A relationship between caesarean section and offspring cognitive ability has been described, but data are limited, and a large-scale study is needed.
To determine the relationship between mode of delivery and general cognitive ability.
A cohort of 579 244 singleton males, born between 1973 and 1987 who conscripted before 2006, were identified using the Swedish population-based registries. Their mode of delivery was obtained from the Swedish Medical Birth registry. The outcome measure was a normalised general cognitive test battery (mean 100, SD 15) performed at military conscription at around age 18.
Males born by caesarean section performed poorer compared with those born vaginally (mean score 99.3 vs 100.1; adjusted mean difference –0.84; 95% CI –0.97 to –0.72; p<0.001). Both those born by elective (99.3 vs 100.2; –0.92; 95% CI –1.24 to –0.60; p<0.001) and non-elective caesarean section (99.2 vs 100.2; –1.03; 95% CI –1.34 to –0.72; p=0.001), performed poorer than those born vaginally. In sibling analyses, the association was attenuated to the null (100.9 vs 100.8; 0.07; 95% CI –0.31 to 0.45; p=0.712). Similarly, neither elective nor non-elective caesarean section were associated with general cognitive ability in sibling analyses.
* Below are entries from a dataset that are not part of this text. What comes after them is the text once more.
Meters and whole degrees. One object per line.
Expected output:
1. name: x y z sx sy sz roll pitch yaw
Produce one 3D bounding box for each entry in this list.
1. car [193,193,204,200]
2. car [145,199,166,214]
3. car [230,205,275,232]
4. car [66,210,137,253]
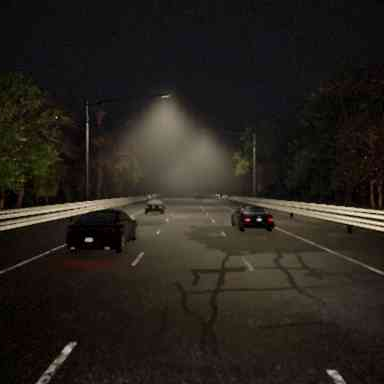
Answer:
1. car: 1.951 1.234 86.295 1.882 1.535 5.008 0 0 -2
2. car: -3.671 1.465 33.924 2.033 1.411 5.357 0 0 -1
3. car: 3.495 1.502 19.927 2.033 1.411 5.357 0 0 -1
4. car: -3.459 1.447 13.584 1.882 1.535 5.008 0 0 0
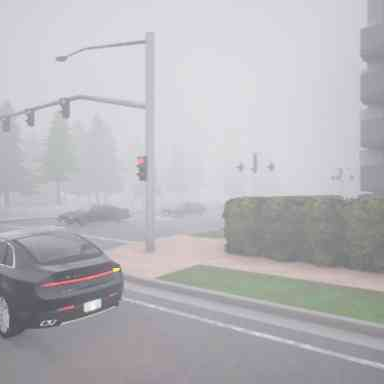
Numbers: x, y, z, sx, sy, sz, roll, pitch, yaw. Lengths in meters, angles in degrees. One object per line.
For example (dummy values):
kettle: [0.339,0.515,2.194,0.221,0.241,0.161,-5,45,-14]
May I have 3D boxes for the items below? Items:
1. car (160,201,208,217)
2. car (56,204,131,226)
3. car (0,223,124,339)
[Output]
car: [-0.658,1.574,32.015,2.033,1.411,5.357,0,0,38]
car: [-6.916,1.577,24.081,2.033,1.411,5.357,0,0,38]
car: [-3.386,1.515,6.713,4.892,1.490,1.837,0,0,40]
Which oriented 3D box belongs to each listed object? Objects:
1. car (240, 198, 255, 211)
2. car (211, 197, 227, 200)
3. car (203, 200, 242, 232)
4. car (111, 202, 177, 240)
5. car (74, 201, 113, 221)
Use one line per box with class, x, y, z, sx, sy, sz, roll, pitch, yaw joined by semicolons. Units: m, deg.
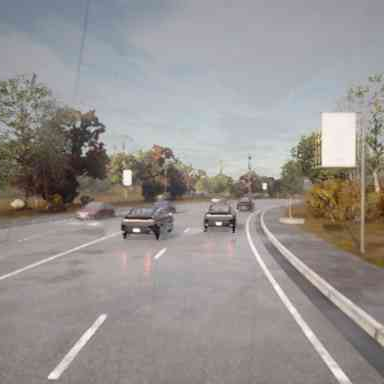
car;6.801;1.563;41.890;1.837;1.490;4.892;0;0;17
car;5.472;1.643;67.071;1.895;1.301;4.718;0;0;25
car;1.818;1.514;20.510;2.128;1.511;4.902;0;0;9
car;-2.168;1.497;17.181;2.128;1.511;4.902;0;0;7
car;-7.834;1.512;27.441;1.812;1.442;4.674;0;0;11
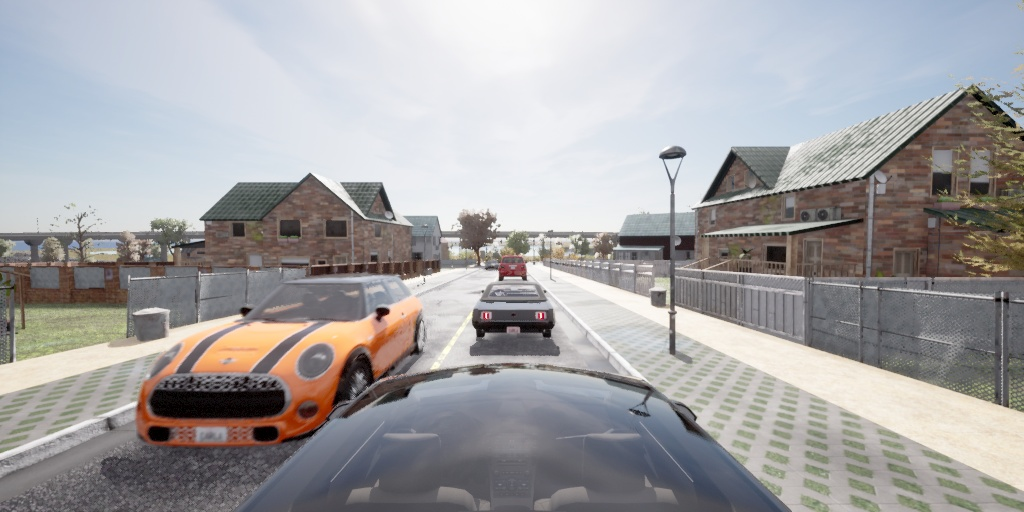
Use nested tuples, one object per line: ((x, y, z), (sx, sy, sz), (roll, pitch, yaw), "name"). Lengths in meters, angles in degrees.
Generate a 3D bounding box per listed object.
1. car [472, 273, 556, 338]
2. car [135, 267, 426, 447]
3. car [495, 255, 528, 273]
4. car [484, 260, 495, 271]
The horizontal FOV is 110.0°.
((0.054, 1.347, 10.137), (1.895, 1.301, 4.718), (0, 0, 0), "car")
((-2.853, 1.099, 5.644), (2.097, 1.767, 4.553), (0, 0, 0), "car")
((0.066, 0.970, 28.784), (2.150, 2.045, 5.566), (0, 0, 0), "car")
((-2.776, 1.313, 50.602), (1.837, 1.490, 4.892), (0, 0, 0), "car")
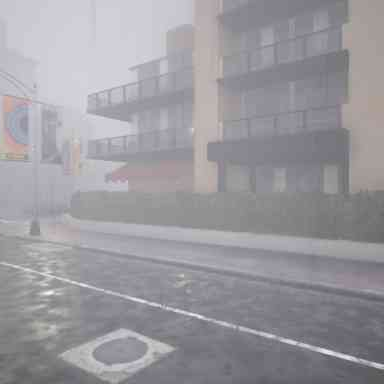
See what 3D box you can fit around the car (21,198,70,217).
[{"bbox_3d":[-13.208,1.547,31.612,2.033,1.411,5.357,0,0,36],"label":"car"}]
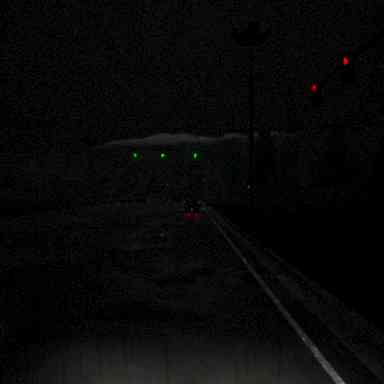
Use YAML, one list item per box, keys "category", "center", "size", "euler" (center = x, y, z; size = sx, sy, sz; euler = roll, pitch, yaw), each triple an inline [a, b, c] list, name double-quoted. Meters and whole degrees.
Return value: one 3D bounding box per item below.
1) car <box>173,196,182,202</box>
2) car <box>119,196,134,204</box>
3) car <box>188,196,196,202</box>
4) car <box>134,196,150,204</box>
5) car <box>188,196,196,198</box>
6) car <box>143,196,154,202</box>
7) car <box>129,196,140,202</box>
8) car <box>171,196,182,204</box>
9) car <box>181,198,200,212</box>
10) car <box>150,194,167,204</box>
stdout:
- category: "car"
  center: [-3.478, 1.750, 80.671]
  size: [1.994, 1.385, 4.181]
  euler: [0, 0, 0]
- category: "car"
  center: [-13.981, 1.748, 70.551]
  size: [1.812, 1.442, 4.674]
  euler: [0, 0, 0]
- category: "car"
  center: [0.022, 1.750, 80.670]
  size: [1.994, 1.385, 4.181]
  euler: [0, 0, 0]
- category: "car"
  center: [-10.481, 1.722, 70.282]
  size: [1.837, 1.490, 4.892]
  euler: [0, 0, 0]
- category: "car"
  center: [0.019, 1.775, 70.759]
  size: [1.994, 1.385, 4.181]
  euler: [0, 0, 0]
- category: "car"
  center: [-10.478, 1.682, 80.674]
  size: [1.882, 1.535, 5.008]
  euler: [0, 0, 0]
- category: "car"
  center: [-13.978, 1.728, 80.675]
  size: [1.812, 1.442, 4.674]
  euler: [0, 0, 0]
- category: "car"
  center: [-3.481, 1.722, 70.457]
  size: [1.837, 1.490, 4.892]
  euler: [0, 0, 0]
- category: "car"
  center: [0.011, 1.729, 40.468]
  size: [1.895, 1.301, 4.718]
  euler: [0, 0, 0]
- category: "car"
  center: [-6.981, 1.578, 70.538]
  size: [2.097, 1.767, 4.553]
  euler: [0, 0, 0]
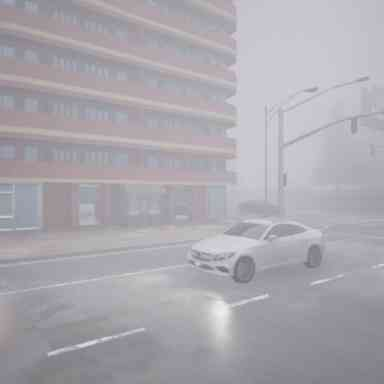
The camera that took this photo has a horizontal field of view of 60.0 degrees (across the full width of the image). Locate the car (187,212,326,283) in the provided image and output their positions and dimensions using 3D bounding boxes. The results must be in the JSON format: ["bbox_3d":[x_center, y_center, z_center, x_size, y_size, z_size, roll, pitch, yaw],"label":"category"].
[{"bbox_3d":[2.044,1.526,9.761,4.674,1.442,1.812,0,0,-35],"label":"car"}]

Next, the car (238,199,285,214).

Birth by caesarean section is weakly associated with a lower general cognitive ability in young adult males. However, the magnitude of this association is not clinically relevant and seems to be largely explained by familial factors shared between siblings.
Clinicians and gravidas ought not to be concerned that the choice of mode of delivery will impact offspring cognitive ability.